The game, called
Sea Quest Hero and developed by Deutsche Telekom and Alzheimer’s
Research UK, was launched in May and has already generated
enough data to help create a global benchmark for the human
brain's navigational processes and how they vary between men and
women, and between the young and old.
It has been played more than 2.4 million times worldwide, giving
more than 9,400 years' worth of equivalent lab-based research,
the scientists said on Wednesday - and is showing the potential
to be able to help diagnose dementia earlier.
According to the World Health Organization, the total number of
people with dementia in 2015 was estimated at 47.5 million, and
that number is rising rapidly as life expectancy increases and
societies age. Case numbers are projected to reach 75.6 million
by 2030, and to more than triple between now and 2050.
The incurable condition is a leading cause of disability and
dependency, and is starting to overtake heart disease as a cause
of death in some developed countries.
Dementia is caused by brain diseases, most commonly Alzheimer's
disease, which result in the loss of brain cells and affect
memory, thinking, behavior, navigational and spatial abilities
and the ability to perform everyday activities.
Hugo Spiers, a neuroscientist at Britain's University College
London who led the research team, said the Sea Hero study was
unprecedented in both scale and accuracy.
"The findings the game is yielding have enormous potential to
support vital developments in dementia research," he said.
In preliminary results, published and presented at a
neuroscience conference in the United States, scientists found
that spatial navigation abilities start to decline from early
adulthood continue on this trajectory.
Players aged 19, for example, were 74 percent likely to
accurately hit a target during the game, compared with 46
percent among 75-year-old players.
Spiers said this was in stark contrast to findings of previous
small studies, which suggest declines start much later.

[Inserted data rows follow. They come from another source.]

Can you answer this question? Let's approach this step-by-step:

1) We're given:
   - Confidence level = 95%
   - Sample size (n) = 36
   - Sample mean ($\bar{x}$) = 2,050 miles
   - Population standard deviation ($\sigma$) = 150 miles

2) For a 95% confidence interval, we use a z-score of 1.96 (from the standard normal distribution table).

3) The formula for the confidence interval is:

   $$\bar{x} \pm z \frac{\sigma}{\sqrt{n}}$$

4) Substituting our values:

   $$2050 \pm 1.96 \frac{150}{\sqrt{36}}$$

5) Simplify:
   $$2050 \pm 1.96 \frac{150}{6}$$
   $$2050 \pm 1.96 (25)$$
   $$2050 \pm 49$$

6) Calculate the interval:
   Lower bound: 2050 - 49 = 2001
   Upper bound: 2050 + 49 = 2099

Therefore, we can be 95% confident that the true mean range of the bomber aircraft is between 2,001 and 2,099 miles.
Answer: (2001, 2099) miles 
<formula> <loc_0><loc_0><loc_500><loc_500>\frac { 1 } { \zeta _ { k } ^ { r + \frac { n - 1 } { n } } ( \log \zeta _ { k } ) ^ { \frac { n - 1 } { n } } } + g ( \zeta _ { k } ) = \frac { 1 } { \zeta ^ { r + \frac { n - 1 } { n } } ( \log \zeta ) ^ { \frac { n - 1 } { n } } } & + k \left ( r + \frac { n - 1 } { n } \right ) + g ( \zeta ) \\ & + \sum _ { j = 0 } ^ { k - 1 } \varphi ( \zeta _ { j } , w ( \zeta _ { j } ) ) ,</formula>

While memory deterioration is a fairly normal part of ageing,
Spiers explained that becoming completely disoriented is not. It
is, however, common in people developing dementia.

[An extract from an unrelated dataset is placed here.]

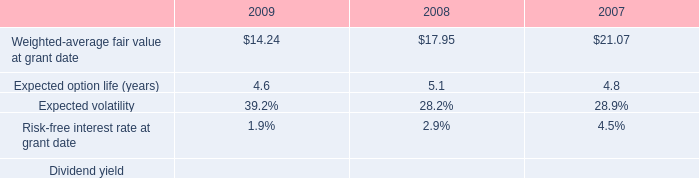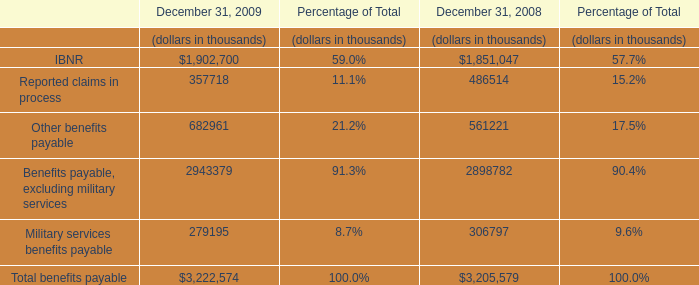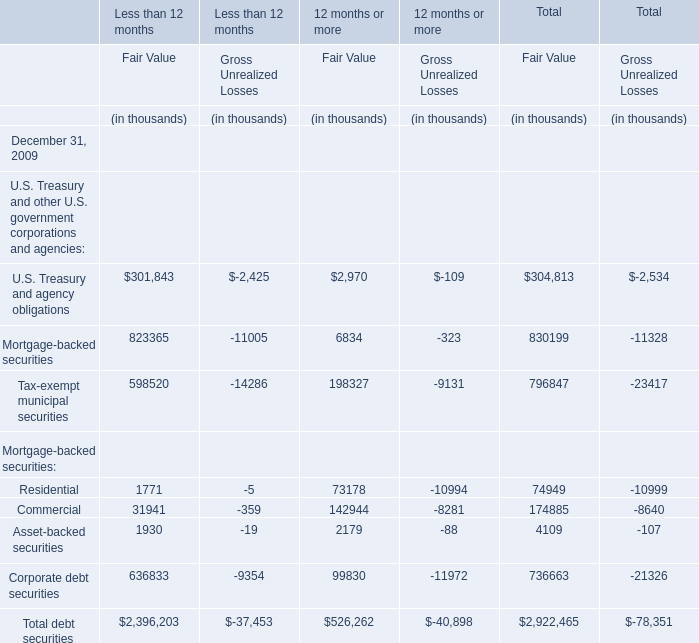what was the percent of the change of the expected volatility from 2008 to 2009 
Computations: ((39.2 - 28.2) / 28.2)
Answer: 0.39007. 
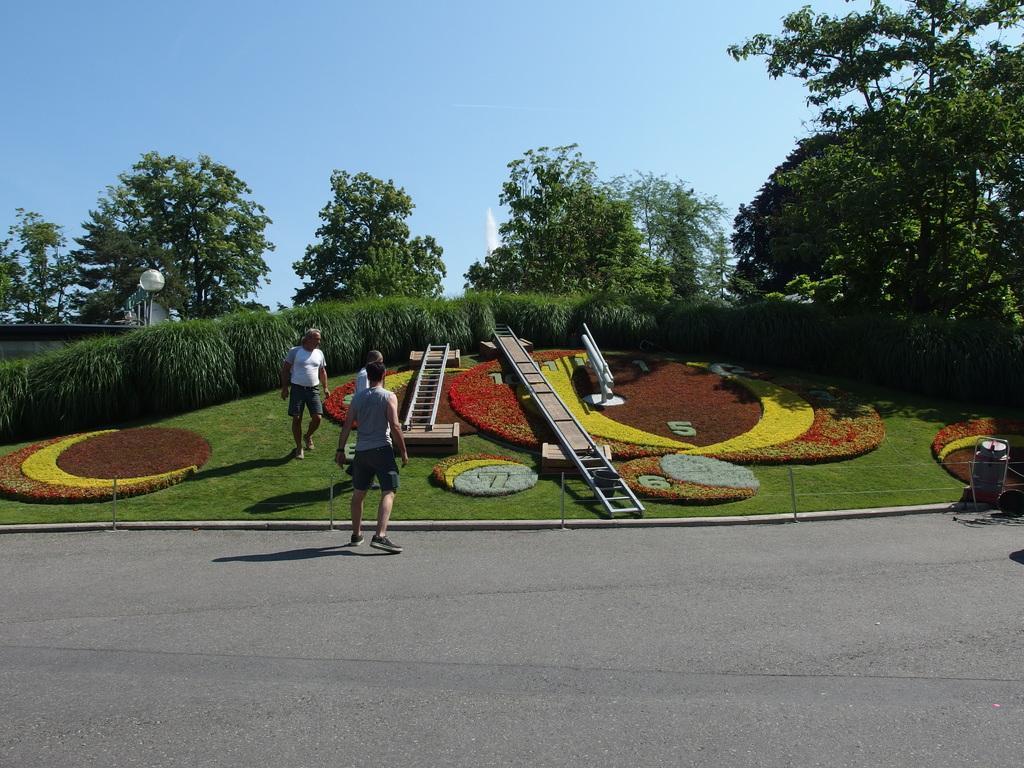In one or two sentences, can you explain what this image depicts? This picture is clicked outside. On the left we can see the group of persons seems to be walking on the ground. In the foreground we can see the concrete road. In the center we can see the grass and we can see the ladders and some other objects. In the background there is a sky, trees and shrubs and some other objects.

This means the benchmark established by the initial data from
Sea Hero Quest players paves the way to finding the earliest
spatial navigational changes, he said. This makes dementia
potentially diagnosable long before someone displays symptoms of
general memory loss. In turn, this could allow for earlier
diagnosis and treatment of patients.
Since the game's data shows changes in spatial navigation
abilities - both declines and improvements - it could also be
used in future drug trials to assess the effectiveness of
possible treatments, the researchers said.